I sort of self-diagnosed myself five years ago. It seemed to fit. Not everything, of course. I believe that there is a spectrum of the emotionally impaired like there is a spectrum of the blind or the deaf. You are legally blind without your glasses, right? But that doesn't mean that you consider yourself in the same category as completely blind people. Similarly, I may be emotionally impaired without necessarily being handicapped. I think there is a big difference in terms of how people can function in the world depending on where they fall on the spectrum. But I do think that emotional language is like a second language to me. I have to go through several different deductions before I can "empathize" with people, and not just sometimes but most of the time. I do think that I use different strategies to navigate the world than most people--that I have different wiring.

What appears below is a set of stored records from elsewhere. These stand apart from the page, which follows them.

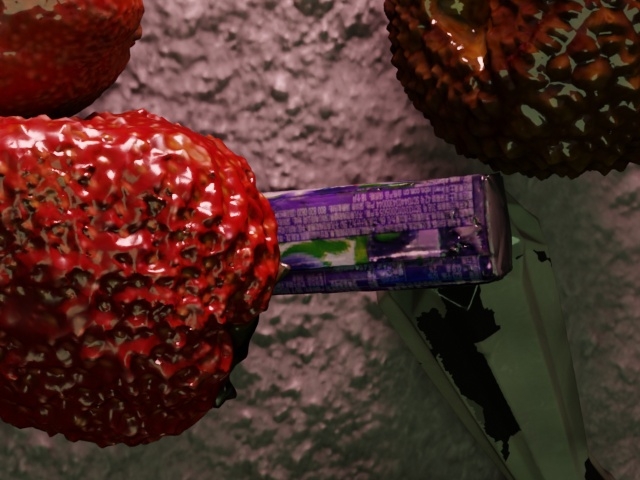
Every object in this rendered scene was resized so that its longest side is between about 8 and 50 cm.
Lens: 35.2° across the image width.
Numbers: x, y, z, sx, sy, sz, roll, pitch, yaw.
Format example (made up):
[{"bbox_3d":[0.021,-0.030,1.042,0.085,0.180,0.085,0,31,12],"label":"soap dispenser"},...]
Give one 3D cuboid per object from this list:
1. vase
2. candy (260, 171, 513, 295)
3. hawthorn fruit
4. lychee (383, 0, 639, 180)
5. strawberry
[{"bbox_3d":[0.175,0.125,0.951,0.165,0.165,0.360,-27,114,-2],"label":"vase"},{"bbox_3d":[0.000,0.000,0.834,0.312,0.061,0.088,-4,92,24],"label":"candy"},{"bbox_3d":[-0.256,-0.188,0.729,0.253,0.205,0.205,6,106,-21],"label":"hawthorn fruit"},{"bbox_3d":[0.190,-0.177,0.812,0.267,0.267,0.268,-4,108,-11],"label":"lychee"},{"bbox_3d":[-0.167,0.029,0.742,0.261,0.257,0.261,1,96,13],"label":"strawberry"}]
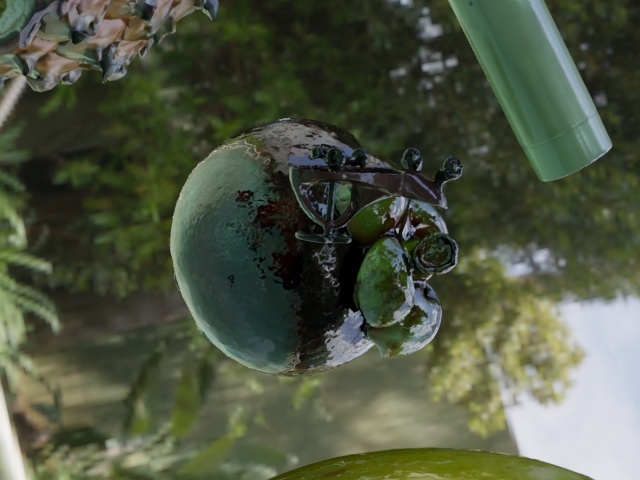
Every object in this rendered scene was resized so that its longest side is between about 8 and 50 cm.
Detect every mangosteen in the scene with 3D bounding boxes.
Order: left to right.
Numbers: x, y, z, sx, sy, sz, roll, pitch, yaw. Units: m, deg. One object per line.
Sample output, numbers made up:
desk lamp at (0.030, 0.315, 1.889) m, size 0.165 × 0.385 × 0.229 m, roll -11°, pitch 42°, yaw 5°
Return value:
mangosteen at (-0.017, 0.008, 1.684) m, size 0.311 × 0.311 × 0.311 m, roll 168°, pitch -90°, yaw -80°

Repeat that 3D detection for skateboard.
skateboard at (0.039, -0.037, 1.262) m, size 0.067 × 0.151 × 0.080 m, roll 20°, pitch -74°, yaw 56°

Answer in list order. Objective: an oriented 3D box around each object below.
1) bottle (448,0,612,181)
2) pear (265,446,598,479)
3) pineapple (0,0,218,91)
bottle at (0.171, -0.153, 1.285) m, size 0.201 × 0.072 × 0.072 m, roll 62°, pitch -8°, yaw -9°
pear at (0.059, 0.291, 0.839) m, size 0.362 × 0.418 × 0.362 m, roll -176°, pitch -90°, yaw -74°
pineapple at (-0.209, -0.271, 1.055) m, size 0.300 × 0.352 × 0.352 m, roll -39°, pitch 120°, yaw -76°
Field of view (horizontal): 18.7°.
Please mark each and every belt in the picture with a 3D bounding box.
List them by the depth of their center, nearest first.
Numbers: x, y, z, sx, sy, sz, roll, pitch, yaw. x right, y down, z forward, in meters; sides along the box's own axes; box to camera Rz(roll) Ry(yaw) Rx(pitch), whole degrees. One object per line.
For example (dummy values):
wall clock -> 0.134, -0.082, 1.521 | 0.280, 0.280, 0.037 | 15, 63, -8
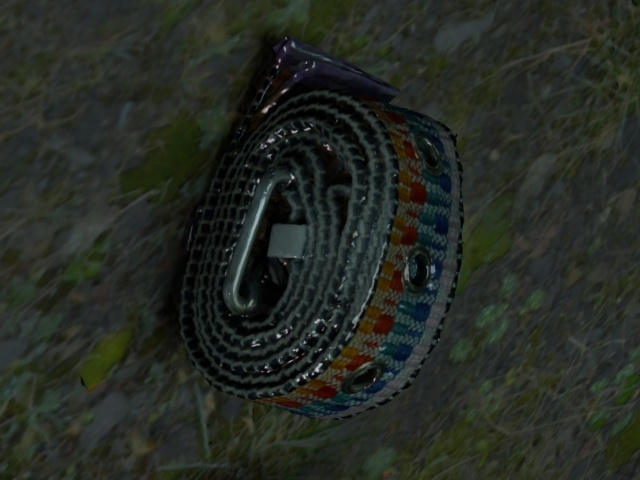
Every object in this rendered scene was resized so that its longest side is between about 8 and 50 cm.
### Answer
belt -> 0.000, 0.000, 1.614 | 0.160, 0.207, 0.295 | 19, 95, -49

I definitely have sociopathic impulses. I find myself ignoring urges to kill or do great bodily harm to ignoring a temptation to ruin somebody, to even just ignoring the invitation to view the world in a way that would push me to engage in excessively risky behavior. These urges cloud my judgment and take me away from the person I want to be, so I try not to indulge them. I treat them like hallucinations instead. They feel very real, everything feels so real, but I have experienced them frequently enough to know that they are wrong--that I will regret acting on them. So I try to ignore them, just like I would try to ignore the image of a monster breathing fire in my peripheral vision.

Tuesday, October 14, 2008

Overheard at a family wedding

Future in-laws during a toast: "And we'd like to thank the _______ family, who has completely seduced us."

Cousin: "Not surprising, from a family that reads how-to books on seduction."